Warnings for people with certain health conditions

For people with infections: Tell your doctor if you have any kind of infection, even if it’s small, such as an open cut or a sore that looks infected. Your body may have a harder time fighting off the infection while you’re taking infliximab.

For people with tuberculosis (TB): Infliximab affects your immune system and may make it easier for you to get TB. Your doctor may test you for TB before starting the drug.

For people with hepatitis B: If you carry the hepatitis B virus, it can become active while you use infliximab. If the virus becomes active again, you’ll need to stop taking the drug and treat the infection. Your doctor may do blood tests before you start treatment, during treatment, and for several months following treatment with infliximab.

For people with blood problems: Infliximab may affect your blood cells. Tell your doctor about any problems you have with your blood before you start taking infliximab.

For people with nervous system problems: Infliximab may make symptoms of some nervous system problems worse. Use it with caution if you have multiple sclerosis or Guillain-Barre syndrome.

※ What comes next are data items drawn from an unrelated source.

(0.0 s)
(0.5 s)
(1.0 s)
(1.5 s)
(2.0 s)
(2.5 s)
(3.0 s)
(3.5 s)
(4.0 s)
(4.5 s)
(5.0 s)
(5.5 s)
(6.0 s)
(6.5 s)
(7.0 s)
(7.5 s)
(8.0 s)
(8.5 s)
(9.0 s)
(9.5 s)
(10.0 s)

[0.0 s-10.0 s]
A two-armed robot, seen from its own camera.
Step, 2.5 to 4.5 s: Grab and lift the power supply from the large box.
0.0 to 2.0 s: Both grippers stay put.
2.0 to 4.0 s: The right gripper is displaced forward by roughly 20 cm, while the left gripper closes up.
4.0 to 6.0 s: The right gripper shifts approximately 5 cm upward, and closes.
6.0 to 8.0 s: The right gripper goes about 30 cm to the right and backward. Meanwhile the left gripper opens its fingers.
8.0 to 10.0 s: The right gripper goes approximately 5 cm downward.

For people with heart failure: This medication may make heart failure worse. Call your doctor right away if you get symptoms of worsening heart failure. Symptoms may include shortness of breath, swelling of your ankles or feet, and sudden weight gain. You’ll need to stop taking infliximab if your heart failure gets worse.

Warnings for other groups

For pregnant women: Infliximab is a pregnancy category B drug. That means two things:

1. Studies of the drug in pregnant animals have not shown risk to the fetus.
2. There aren’t enough studies done in pregnant women to show if the drug poses a risk to the fetus.

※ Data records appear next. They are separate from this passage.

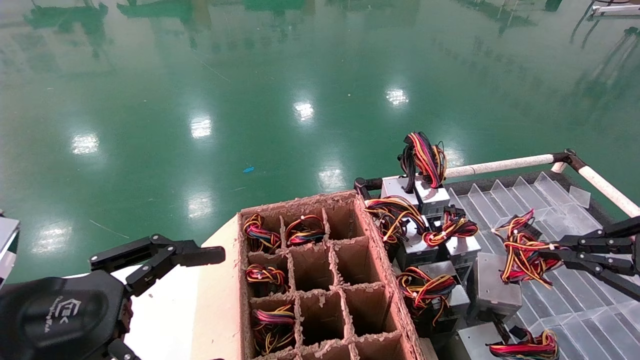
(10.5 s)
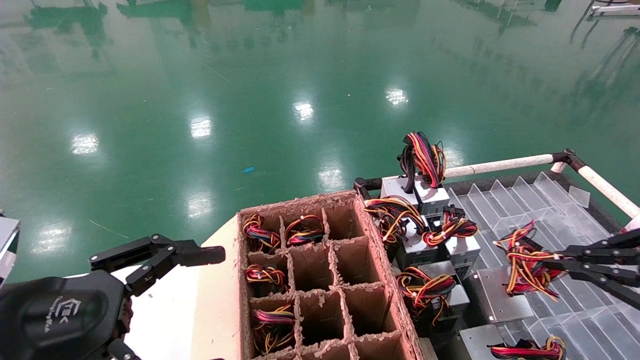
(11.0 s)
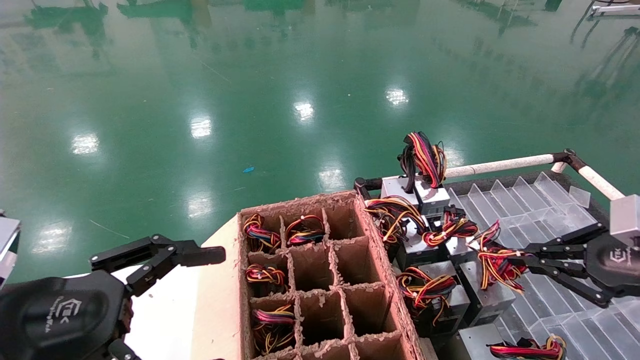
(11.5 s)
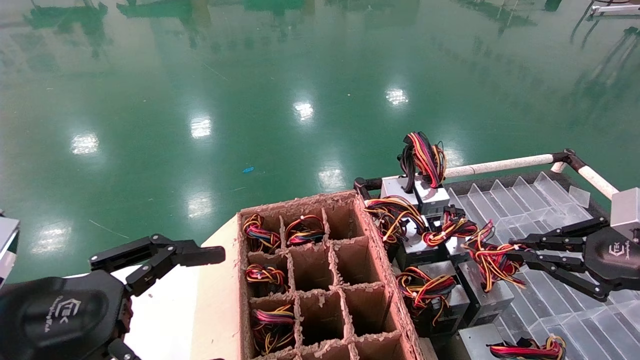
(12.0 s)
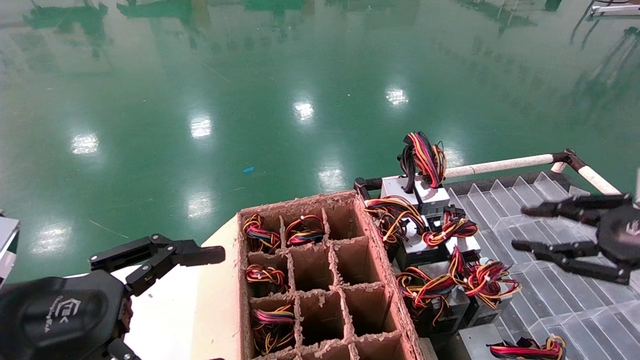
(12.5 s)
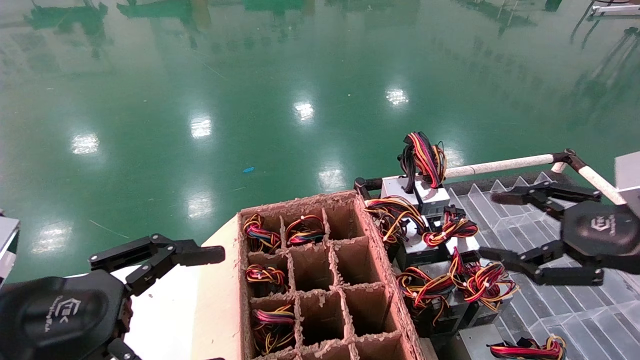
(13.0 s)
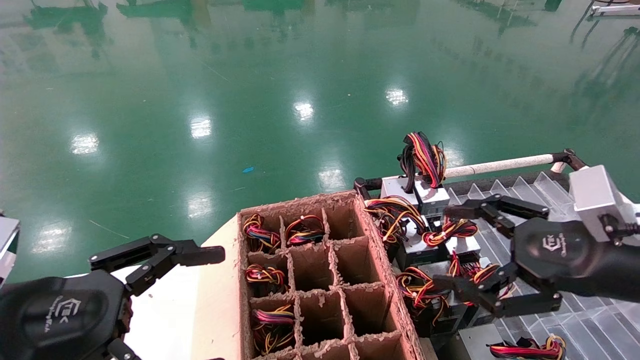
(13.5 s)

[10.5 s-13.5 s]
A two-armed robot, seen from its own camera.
10.5 to 12.0 s: The right gripper ends up roughly 5 cm from where it was.
12.0 to 13.5 s: The right gripper shifts roughly 10 cm to the left, and opens up.

Tell your doctor if you’re pregnant or plan to become pregnant. Infliximab should be used during pregnancy only if the potential benefit justifies the potential risk to the fetus.

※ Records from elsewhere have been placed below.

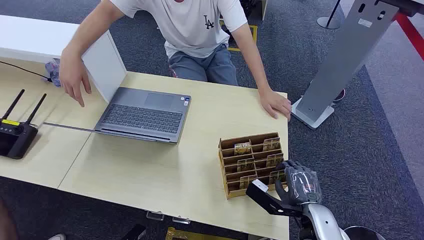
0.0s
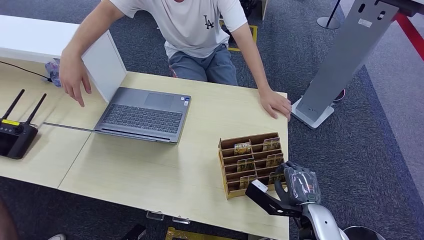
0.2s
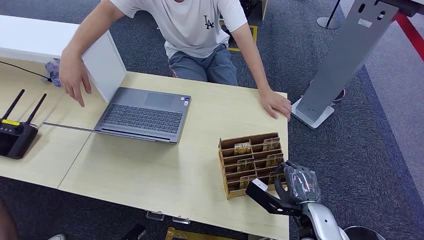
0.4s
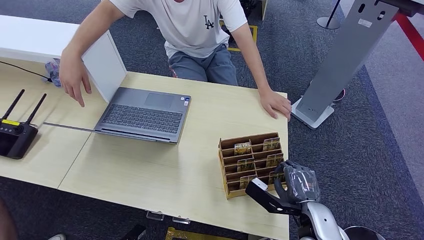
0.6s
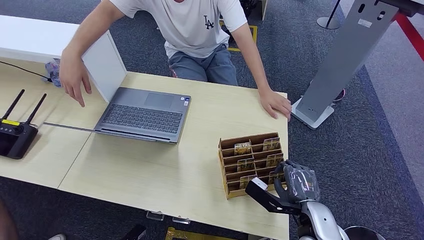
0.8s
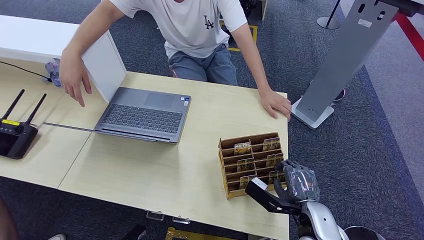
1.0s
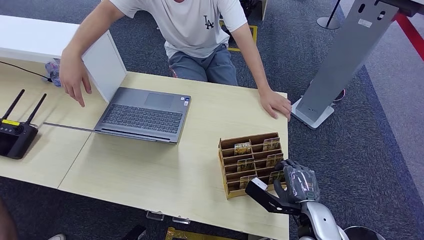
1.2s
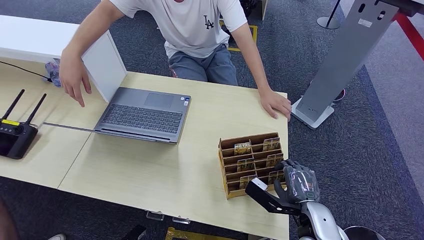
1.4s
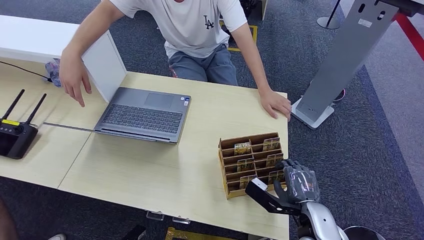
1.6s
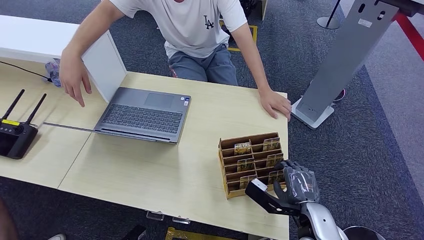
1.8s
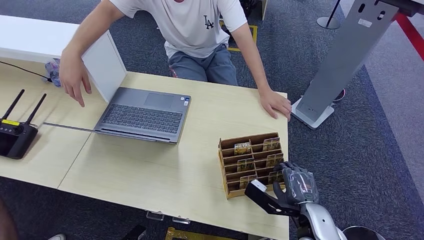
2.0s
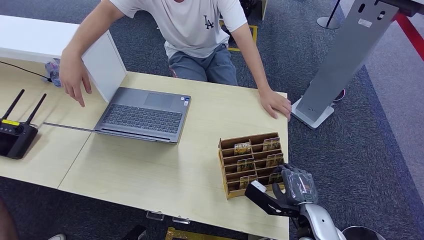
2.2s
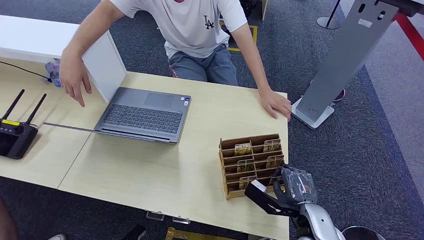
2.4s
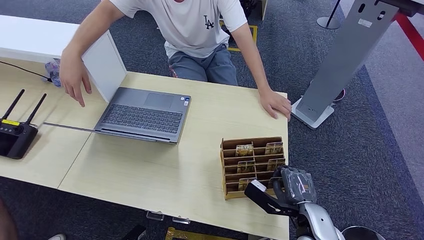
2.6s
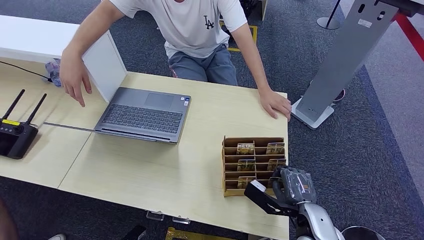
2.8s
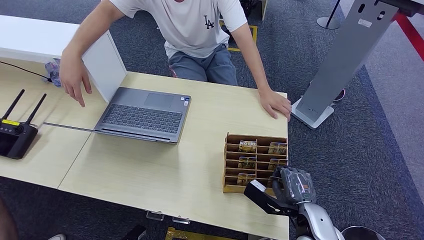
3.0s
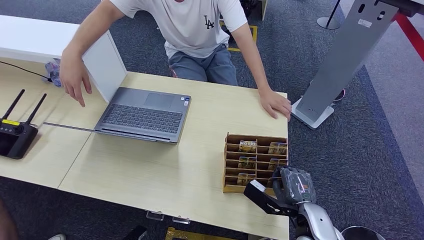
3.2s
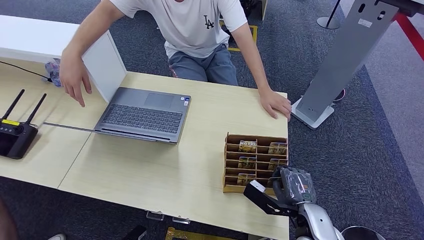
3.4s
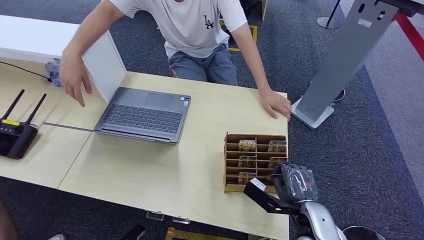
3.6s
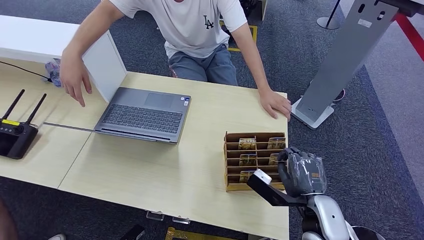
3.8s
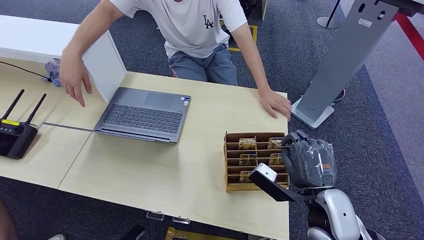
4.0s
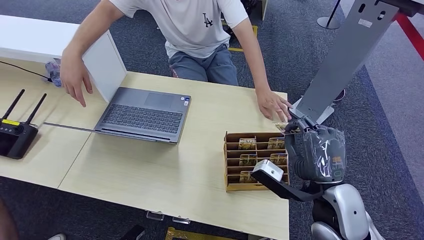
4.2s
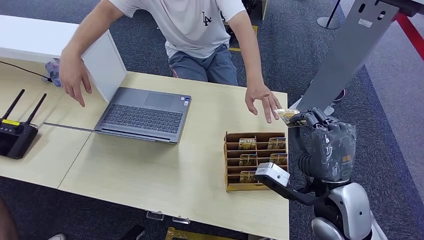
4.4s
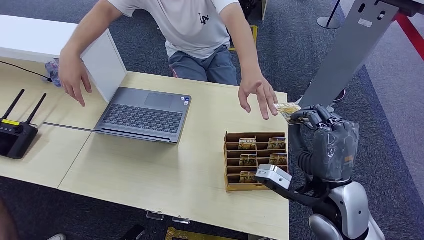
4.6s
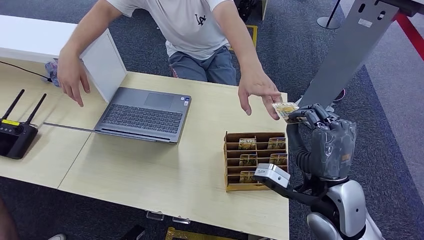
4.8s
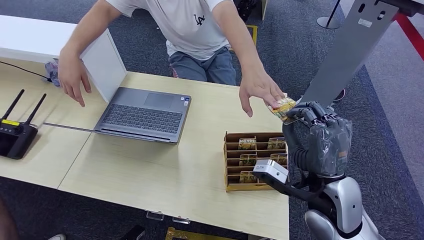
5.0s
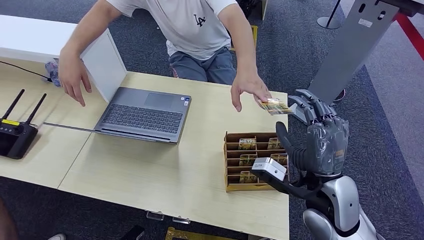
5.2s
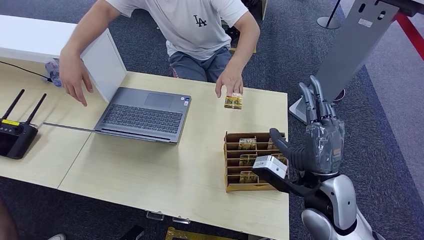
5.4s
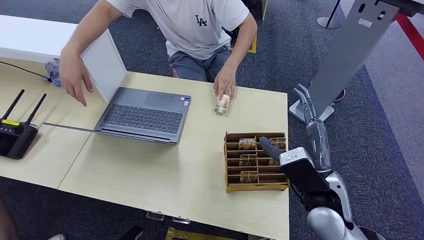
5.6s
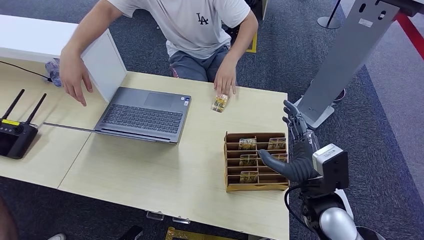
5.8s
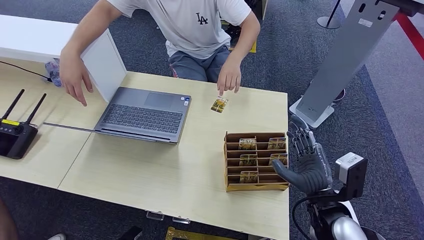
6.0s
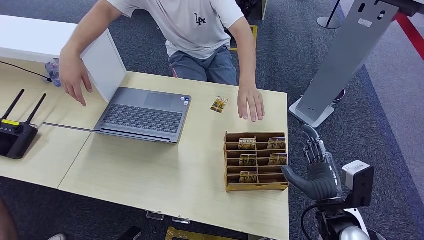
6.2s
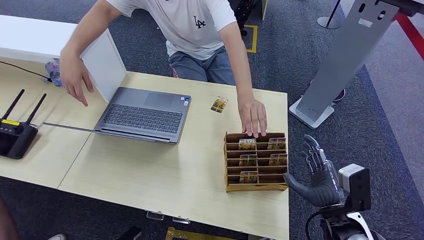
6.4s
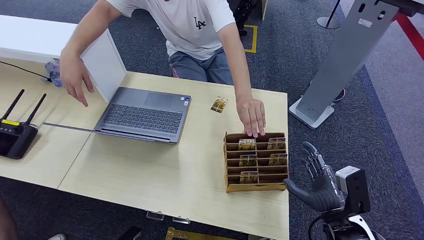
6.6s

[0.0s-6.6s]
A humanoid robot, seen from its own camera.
Step, 0.0s to 3.8s: Pick up the key card from the card box.
Step, 4.0s to 6.6s: Hand the key card to the target.
1.6s to 3.2s: Both hands stay put.
3.2s to 5.0s: The right hand is displaced upward by roughly 15 cm.
5.0s to 6.6s: The right hand moves downward and to the right, some 15 cm.

Call your doctor if you become pregnant while taking this drug.

For women who are breastfeeding: It is unknown if this drug passes into breast milk. If infliximab is passed to your child through your breast milk, it could cause serious side effects.

You and your doctor may need to decide whether you’ll take infliximab or breastfeed.

For seniors: You may be at higher risk for a serious infection while taking infliximab if you’re over the age of 65 years.

For children: Infliximab hasn’t been shown to be safe and effective for Crohn’s disease or ulcerative colitis in people younger than 6 years.

The safety and effectiveness of infliximab for other conditions haven’t been established in people younger than 18 years.